• TASK TO CARRY OUT:
In the records below, tally each line that contains the word "xscale" and give the total only.

(Stored data)
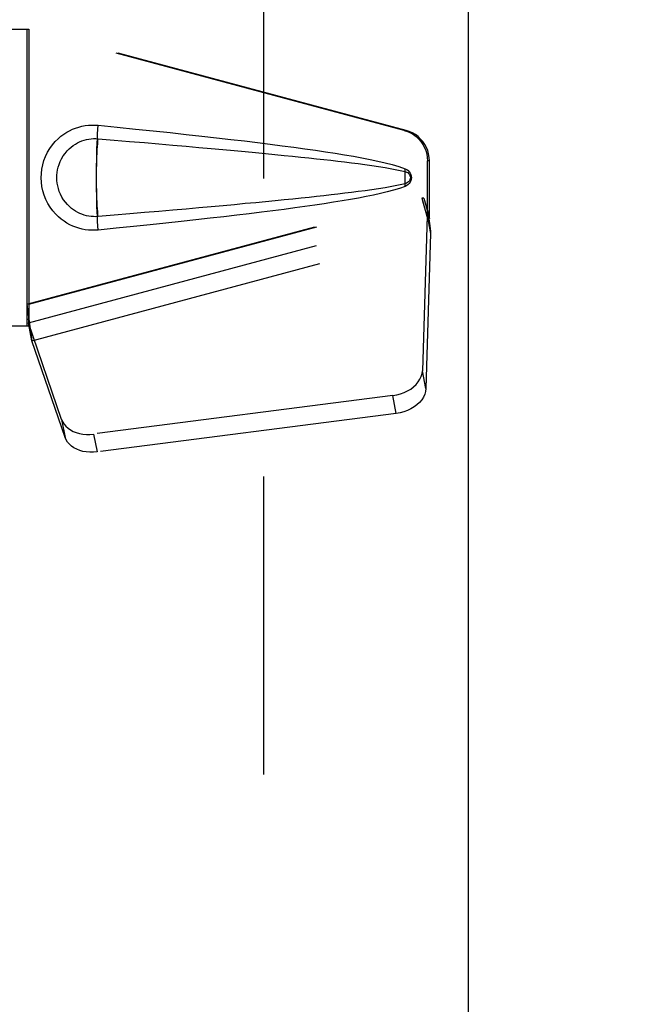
# Model space of a CAD drawing. Header units: inches. Extents: x 0 to 215, y 0 to 139.
# Tile 38 of 91: x 62.43 to 64.89, y 65.4 to 69.31. Entities that reach past the tile are written whole.
import ezdxf

# ---------------------------------------------------------------- set-up
doc = ezdxf.new("R2010")
doc.units = ezdxf.units.IN
doc.header["$LTSCALE"] = 11.835443
doc.header["$MEASUREMENT"] = 0
doc.linetypes.add('HIDDEN', pattern=[0.2, 0.1, -0.1])
doc.layers.get('0').update_dxf_attribs({"linetype": 'CONTINUOUS'})
doc.layers.add('DEFAULT_2', color=8, linetype='HIDDEN')
doc.layers.add('DIMENSIONS', color=7, linetype='CONTINUOUS')
doc.styles.get("Standard").update_dxf_attribs({"font": 'arial.ttf'})
doc.dimstyles.new('DIMSTYLE_1', dxfattribs={"dimtxt": 0.949367, "dimasz": 1.265823, "dimexe": 0.09, "dimexo": 0.07, "dimgap": 0.0375, "dimtad": 0, "dimtih": 1, "dimtoh": 1, "dimzin": 4, "dimdsep": 46, "dimtxsty": 'Standard', "dimblk": '_FILLED', "dimblk1": '_FILLED', "dimblk2": '_FILLED', "dimcen": 0.09, "dimazin": 1, "dimtfac": 1, "dimtofl": 0, "dimtmove": 0, "dimatfit": 3, "dimldrblk": '_FILLED', "dimfxl": 1, "dimtolj": 1, "dimtzin": 4, "dimarcsym": 0})

# ---------------------------------------------------------------- blocks, each defined once
blk = doc.blocks.new('_FILLED')
at = {"color": 0, "linetype": 'ByBlock'}
blk.add_solid([(0, 0), (-1, 0.2), (-1, -0.2)], dxfattribs=at)
blk = doc.blocks.new('*D13')
at = {"layer": 'DIMENSIONS', "color": 2, "linetype": 'Continuous'}
for p, q in [((60.5856, 79.2462), (58.1561, 79.2462)), ((64.2106, 79.2462), (66.7423, 79.2462))]:
    blk.add_line(p, q, dxfattribs=at)
at = {"layer": 'DIMENSIONS', "color": 2, "linetype": 'Continuous', "xscale": 1.2658227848, "yscale": 1.2658227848, "zscale": 1.2658227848}
blk.add_blockref('_FILLED', (60.5856, 79.2462), dxfattribs=at)
at = {"layer": 'DIMENSIONS', "color": 2, "linetype": 'Continuous', "xscale": 1.2658227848, "yscale": 1.2658227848, "zscale": 1.2658227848, "rotation": 180}
blk.add_blockref('_FILLED', (64.2106, 79.2462), dxfattribs=at)
at = {"layer": 'DIMENSIONS', "color": 2, "linetype": 'Continuous', "insert": (57.6814, 79.7209), "char_height": 0.94937, "width": 2.579879, "attachment_point": 3, "line_spacing_factor": 0.9}
blk.add_mtext('3.63', dxfattribs=at)

msp = doc.modelspace()

# ---------------------------------------------------------------- linework, layer by layer
at = {"color": 3, "linetype": 'Continuous'}
msp.add_line((64.2106, 103.6685), (64.2106, 33.3765), dxfattribs=at)
at = {"layer": 'DEFAULT_2', "color": 8, "linetype": 'HIDDEN'}
for p, q in [((63.3981, 103.0075), (63.3981, 34.0375)), ((62.1451, 69.2775), (62.4661, 69.2775)), ((62.4584, 69.2775), (62.4584, 68.0975)), ((63.9558, 68.8752), (62.4584, 69.2775)), ((62.4661, 69.2775), (62.4661, 68.0975)), ((63.9635, 68.8752), (62.4661, 69.2775)), ((63.9558, 68.8752), (63.9635, 68.8752)), ((64.0482, 68.5247), (64.0482, 68.7544)), ((64.0559, 68.7544), (64.0482, 68.7544)), ((64.0559, 68.5247), (64.0559, 68.7544)), ((63.9602, 68.6957), (63.9602, 68.7072)), ((63.9602, 68.6721), (63.9601, 68.6831)), ((63.9603, 68.6612), (63.9602, 68.6721)), ((62.4584, 68.185), (64.0264, 68.6063)), ((62.4661, 68.185), (64.0341, 68.6063)), ((64.0341, 68.6063), (64.0264, 68.6063)), ((64.0264, 68.6063), (64.0482, 68.5247)), ((64.0341, 68.6063), (64.0559, 68.5247)), ((64.0498, 68.5522), (64.0585, 68.4959)), ((62.4647, 68.1108), (64.0475, 68.5361)), ((64.0475, 68.5361), (64.0284, 67.921)), ((64.0475, 68.5361), (64.061, 68.4651)), ((64.0559, 68.5247), (64.0482, 68.5247)), ((62.4782, 68.0398), (64.061, 68.4651)), ((64.061, 68.4651), (64.0419, 67.8499)), ((64.0585, 68.4959), (64.0594, 68.4851)), ((64.0594, 68.4851), (64.0603, 68.4748)), ((64.0603, 68.4748), (64.061, 68.4651)), ((62.4661, 68.185), (62.4584, 68.185)), ((62.5966, 67.727), (62.4647, 68.1108)), ((62.4782, 68.0398), (62.4647, 68.1108)), ((62.474, 68.0702), (62.4653, 68.1265)), ((62.4661, 68.0975), (62.1451, 68.0975)), ((62.474, 68.0702), (62.4782, 68.0398)), ((62.6101, 67.656), (62.4782, 68.0398)), ((64.0419, 67.8499), (64.0284, 67.921)), ((63.9109, 67.8219), (62.7234, 67.6694)), ((63.9244, 67.7509), (63.9109, 67.8219)), ((62.5966, 67.727), (62.6101, 67.656)), ((63.9244, 67.7509), (62.737, 67.5984)), ((62.7234, 67.6694), (62.737, 67.5984))]:
    msp.add_line(p, q, dxfattribs=at)
for points in [[(62.742, 68.4795), (62.7292, 68.4786), (62.7163, 68.4786), (62.7033, 68.4793), (62.6905, 68.4809), (62.6777, 68.4833), (62.6652, 68.4865), (62.6529, 68.4904), (62.641, 68.4951), (62.6293, 68.5006), (62.6178, 68.5069), (62.6064, 68.5141), (62.595, 68.5225), (62.5836, 68.5321), (62.5724, 68.5432), (62.5614, 68.5559), (62.5511, 68.57), (62.5418, 68.5852), (62.5337, 68.6013), (62.5272, 68.6179), (62.522, 68.6349), (62.5184, 68.6521), (62.5162, 68.6693), (62.5154, 68.6866), (62.5161, 68.704), (62.5181, 68.7212), (62.5216, 68.7383), (62.5266, 68.7554), (62.533, 68.772), (62.5409, 68.7882), (62.5501, 68.8035), (62.5603, 68.8177), (62.5713, 68.8306), (62.5825, 68.8418), (62.5939, 68.8516), (62.6053, 68.8601), (62.6169, 68.8675), (62.6285, 68.874), (62.6402, 68.8795), (62.6523, 68.8843), (62.6646, 68.8883), (62.6772, 68.8916), (62.6901, 68.894), (62.703, 68.8956)], [(62.703, 68.8956), (62.7161, 68.8964), (62.729, 68.8964), (62.742, 68.8955)], [(62.7352, 68.7048), (62.7352, 68.711), (62.7354, 68.7343), (62.7358, 68.7573), (62.7363, 68.7797), (62.7369, 68.8016), (62.7377, 68.8226), (62.7386, 68.8426), (62.7396, 68.8615), (62.7408, 68.8792), (62.742, 68.8955)], [(62.742, 68.8955), (62.8176, 68.8879), (62.8903, 68.8806), (62.96, 68.8734), (63.0268, 68.8663), (63.091, 68.8594), (63.1525, 68.8526), (63.2115, 68.846), (63.268, 68.8395), (63.3222, 68.8331), (63.3742, 68.8268), (63.4241, 68.8206), (63.4719, 68.8144), (63.5177, 68.8084), (63.5616, 68.8023), (63.6036, 68.7963), (63.6439, 68.7903), (63.6825, 68.7843), (63.7195, 68.7782), (63.7548, 68.7722), (63.7886, 68.766), (63.8209, 68.7597), (63.8517, 68.7531), (63.8811, 68.7463), (63.909, 68.7391), (63.9354, 68.7311), (63.9603, 68.7225)], [(63.9558, 68.8752), (63.9688, 68.8709), (63.9811, 68.8653), (63.9928, 68.8584), (64.0037, 68.8502), (64.0136, 68.8409), (64.0225, 68.8305), (64.0301, 68.8193), (64.0365, 68.8073), (64.0416, 68.7946), (64.0453, 68.7815), (64.0475, 68.7681), (64.0482, 68.7544)], [(64.0559, 68.7544), (64.0551, 68.7681), (64.0529, 68.7815), (64.0493, 68.7946), (64.0442, 68.8073), (64.0378, 68.8193), (64.0301, 68.8305), (64.0213, 68.8409), (64.0114, 68.8502), (64.0005, 68.8584), (63.9888, 68.8653), (63.9765, 68.8709), (63.9635, 68.8752)], [(62.742, 68.533), (62.7327, 68.5325), (62.7233, 68.5326), (62.7139, 68.5333), (62.7045, 68.5346), (62.6953, 68.5364), (62.6862, 68.5389), (62.6773, 68.5418), (62.6687, 68.5453), (62.6603, 68.5494), (62.652, 68.554), (62.6437, 68.5593), (62.6356, 68.5654), (62.6274, 68.5724), (62.6194, 68.5804), (62.6115, 68.5896), (62.6041, 68.5997), (62.5975, 68.6105), (62.5918, 68.6217), (62.5872, 68.633), (62.5836, 68.6442), (62.5809, 68.6551), (62.5791, 68.6658), (62.578, 68.6763), (62.5777, 68.6867), (62.5779, 68.6971), (62.5789, 68.7075), (62.5806, 68.7182), (62.5831, 68.7291), (62.5866, 68.7402), (62.591, 68.7515), (62.5965, 68.7627), (62.603, 68.7737), (62.6103, 68.7839), (62.6182, 68.7933), (62.6262, 68.8015), (62.6345, 68.8087), (62.6427, 68.815), (62.6511, 68.8204), (62.6595, 68.8252), (62.668, 68.8294), (62.6767, 68.833), (62.6857, 68.836), (62.6949, 68.8385), (62.7042, 68.8404), (62.7136, 68.8417), (62.7231, 68.8424), (62.7326, 68.8425), (62.742, 68.842)], [(62.742, 68.533), (62.7409, 68.5417), (62.7399, 68.5518), (62.739, 68.5633), (62.7381, 68.576), (62.7373, 68.5898), (62.7367, 68.6046), (62.7361, 68.6201), (62.7357, 68.6364), (62.7354, 68.6531), (62.7352, 68.6702), (62.7351, 68.6875), (62.7352, 68.7048), (62.7354, 68.7218), (62.7357, 68.7386), (62.7361, 68.7548), (62.7367, 68.7704), (62.7373, 68.7852), (62.7381, 68.799), (62.739, 68.8117), (62.7399, 68.8232), (62.7409, 68.8333), (62.742, 68.842)], [(62.742, 68.842), (62.8054, 68.8367), (62.8666, 68.8315), (62.9256, 68.8265), (62.9826, 68.8216), (63.0374, 68.8168), (63.0902, 68.8122), (63.141, 68.8077), (63.1898, 68.8033), (63.2366, 68.7991), (63.2816, 68.7949), (63.3247, 68.7909), (63.366, 68.787), (63.4055, 68.7832), (63.4432, 68.7795), (63.4792, 68.776), (63.5135, 68.7725), (63.5462, 68.7691), (63.5776, 68.7658), (63.6077, 68.7626), (63.6368, 68.7594), (63.6651, 68.7563), (63.6927, 68.7531), (63.7198, 68.7498), (63.7467, 68.7465), (63.7736, 68.7431), (63.8003, 68.7396), (63.8272, 68.7358), (63.854, 68.7318), (63.8808, 68.7276), (63.9075, 68.7229), (63.934, 68.7176), (63.9604, 68.7117)], [(63.9604, 68.6633), (63.9603, 68.6713), (63.9602, 68.6793), (63.9601, 68.6875), (63.9602, 68.6957), (63.9603, 68.7037), (63.9604, 68.7117)], [(63.9602, 68.7072), (63.9603, 68.7138), (63.9603, 68.716), (63.9603, 68.7181), (63.9603, 68.7203), (63.9603, 68.7225)], [(63.9603, 68.7225), (63.9663, 68.7194), (63.9716, 68.7155), (63.9761, 68.7108), (63.9798, 68.7056), (63.9824, 68.6999), (63.984, 68.694), (63.9846, 68.6877), (63.9841, 68.6814), (63.9825, 68.6754), (63.9799, 68.6697), (63.9763, 68.6644), (63.9717, 68.6596), (63.9664, 68.6557), (63.9602, 68.6525)], [(63.9604, 68.7117), (63.9655, 68.7098), (63.97, 68.7073), (63.9738, 68.7041), (63.9769, 68.7004), (63.9791, 68.6963), (63.9804, 68.6919), (63.9808, 68.6873), (63.9803, 68.6826), (63.9789, 68.6783), (63.9767, 68.6743), (63.9736, 68.6707), (63.9698, 68.6676), (63.9654, 68.6651), (63.9604, 68.6633)], [(62.742, 68.4795), (62.7408, 68.4958), (62.7396, 68.5135), (62.7386, 68.5324), (62.7377, 68.5524), (62.7369, 68.5734), (62.7363, 68.5952), (62.7358, 68.6177), (62.7354, 68.6407), (62.7352, 68.664), (62.7352, 68.6702)], [(63.9604, 68.6633), (63.9341, 68.6574), (63.9076, 68.6521), (63.8809, 68.6474), (63.8542, 68.6432), (63.8274, 68.6392), (63.8007, 68.6355), (63.7739, 68.6319), (63.7472, 68.6285), (63.7203, 68.6252), (63.6932, 68.622), (63.6657, 68.6188), (63.6375, 68.6156), (63.6084, 68.6125), (63.5784, 68.6092), (63.5471, 68.6059), (63.5144, 68.6026), (63.48, 68.5991), (63.444, 68.5955), (63.4063, 68.5919), (63.3668, 68.5881), (63.3255, 68.5842), (63.2824, 68.5801), (63.2374, 68.576), (63.1905, 68.5717), (63.1416, 68.5674), (63.0908, 68.5629), (63.0379, 68.5582), (62.983, 68.5534), (62.926, 68.5485), (62.8668, 68.5435), (62.8055, 68.5383), (62.742, 68.533)], [(63.9602, 68.6525), (63.9603, 68.6547), (63.9603, 68.6569), (63.9603, 68.659), (63.9603, 68.6612)], [(63.9602, 68.6525), (63.9376, 68.6446), (63.9137, 68.6372), (63.8884, 68.6305), (63.8618, 68.6241), (63.8339, 68.618), (63.8048, 68.6121), (63.7744, 68.6064), (63.7427, 68.6007), (63.7096, 68.5951), (63.675, 68.5895), (63.639, 68.5839), (63.6015, 68.5784), (63.5624, 68.5728), (63.5217, 68.5672), (63.4793, 68.5615), (63.4352, 68.5558), (63.3893, 68.55), (63.3415, 68.5442), (63.2917, 68.5383), (63.2399, 68.5322), (63.186, 68.5261), (63.1298, 68.5198), (63.0714, 68.5135), (63.0106, 68.507), (62.9474, 68.5003), (62.8816, 68.4935), (62.8131, 68.4866), (62.742, 68.4795)], [(64.0264, 68.6063), (64.0317, 68.5867), (64.0371, 68.5675), (64.0425, 68.5486), (64.0479, 68.5302), (64.0532, 68.5127), (64.0585, 68.4959)], [(64.0341, 68.6063), (64.0367, 68.5967), (64.0393, 68.5873), (64.042, 68.578), (64.0446, 68.569), (64.0472, 68.5604), (64.0498, 68.5522)], [(64.0498, 68.5522), (64.0494, 68.5494), (64.0491, 68.5466), (64.0487, 68.5439), (64.0483, 68.5412), (64.0479, 68.5386), (64.0475, 68.5361)], [(62.4584, 68.185), (62.4609, 68.1648), (62.4636, 68.1447), (62.4662, 68.1251), (62.4689, 68.106), (62.474, 68.0702)], [(62.4661, 68.185), (62.4659, 68.1747), (62.4656, 68.1447)], [(62.4729, 68.078), (62.4713, 68.0889), (62.4692, 68.1063), (62.4675, 68.1223), (62.4664, 68.1368), (62.4658, 68.1496), (62.4657, 68.1572)], [(62.4653, 68.1265), (62.4651, 68.121), (62.465, 68.1184), (62.4649, 68.1158), (62.4648, 68.1133), (62.4647, 68.1108)], [(62.4656, 68.1447), (62.4655, 68.1354), (62.4653, 68.1265)], [(63.9109, 67.8219), (63.9263, 67.8246), (63.9412, 67.8286), (63.9556, 67.834), (63.9693, 67.8405), (63.9819, 67.8481), (63.9933, 67.8567), (64.0034, 67.8662), (64.0119, 67.8764), (64.0187, 67.8872), (64.0238, 67.8983), (64.027, 67.9095), (64.0284, 67.921)], [(64.0419, 67.8499), (64.0406, 67.8385), (64.0374, 67.8272), (64.0323, 67.8161), (64.0255, 67.8054), (64.0169, 67.7952), (64.0069, 67.7857), (63.9955, 67.7771), (63.9828, 67.7694), (63.9692, 67.7629), (63.9548, 67.7576), (63.9399, 67.7536), (63.9244, 67.7509)], [(62.5966, 67.727), (62.6008, 67.7173), (62.6065, 67.7083), (62.6137, 67.7), (62.6222, 67.6924), (62.632, 67.6857), (62.643, 67.68), (62.6549, 67.6753), (62.6677, 67.6718), (62.6811, 67.6694), (62.6949, 67.6682), (62.709, 67.6682), (62.7234, 67.6694)], [(62.737, 67.5984), (62.7226, 67.5972), (62.7085, 67.5971), (62.6946, 67.5983), (62.6812, 67.6007), (62.6685, 67.6043), (62.6565, 67.6089), (62.6456, 67.6147), (62.6358, 67.6213), (62.6272, 67.6289), (62.62, 67.6373), (62.6143, 67.6463), (62.6101, 67.656)]]:
    msp.add_lwpolyline(points, dxfattribs=at)

# ---------------------------------------------------------------- dimensions: what is measured, and where the dimension line sits
at = {"layer": 'DIMENSIONS', "color": 2, "linetype": 'Continuous'}
dim = msp.add_linear_dim(base=(64.2106310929, 79.2461956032), p1=(60.5856310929, 102.6474962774), p2=(64.2106310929, 33.3764962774), dimstyle='DIMSTYLE_1', dxfattribs=at)
dim.commit()
dim.dimension.update_dxf_attribs({"geometry": '*D13', "text_midpoint": (56.3902377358, 79.2409013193), "dimtype": 160})

doc.saveas('drawing.dxf')

• ANSWER AREA:
2